* _Records to process_
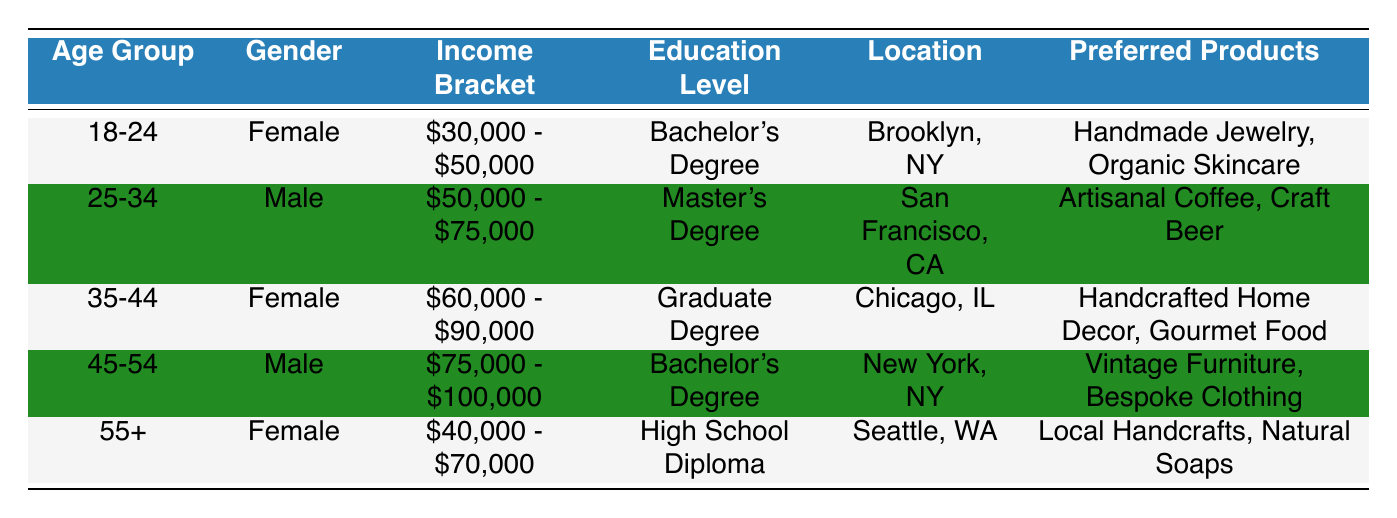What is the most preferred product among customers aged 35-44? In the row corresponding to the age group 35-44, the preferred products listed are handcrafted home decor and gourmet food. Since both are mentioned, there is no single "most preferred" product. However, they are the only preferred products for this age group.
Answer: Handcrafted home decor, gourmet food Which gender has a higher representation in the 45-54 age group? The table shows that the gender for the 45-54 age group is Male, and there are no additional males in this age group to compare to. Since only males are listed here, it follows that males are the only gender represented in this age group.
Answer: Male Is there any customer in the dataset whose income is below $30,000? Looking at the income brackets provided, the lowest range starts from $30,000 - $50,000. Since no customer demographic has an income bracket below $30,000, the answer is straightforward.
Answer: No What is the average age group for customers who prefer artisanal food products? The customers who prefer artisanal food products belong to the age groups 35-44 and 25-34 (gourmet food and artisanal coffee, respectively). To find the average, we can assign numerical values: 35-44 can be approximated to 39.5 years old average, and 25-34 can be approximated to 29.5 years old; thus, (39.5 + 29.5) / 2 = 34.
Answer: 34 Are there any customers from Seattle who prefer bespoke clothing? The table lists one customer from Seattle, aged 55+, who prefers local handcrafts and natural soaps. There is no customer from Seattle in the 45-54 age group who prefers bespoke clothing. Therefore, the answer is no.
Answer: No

* _Task to carry out_
An exact copy is needed of the closing lines of the entries above, counting from the one that contains "Answer: 34 Are" and including it and the last.

* _Task output_
Answer: 34 Are there any customers from Seattle who prefer bespoke clothing? The table lists one customer from Seattle, aged 55+, who prefers local handcrafts and natural soaps. There is no customer from Seattle in the 45-54 age group who prefers bespoke clothing. Therefore, the answer is no.
Answer: No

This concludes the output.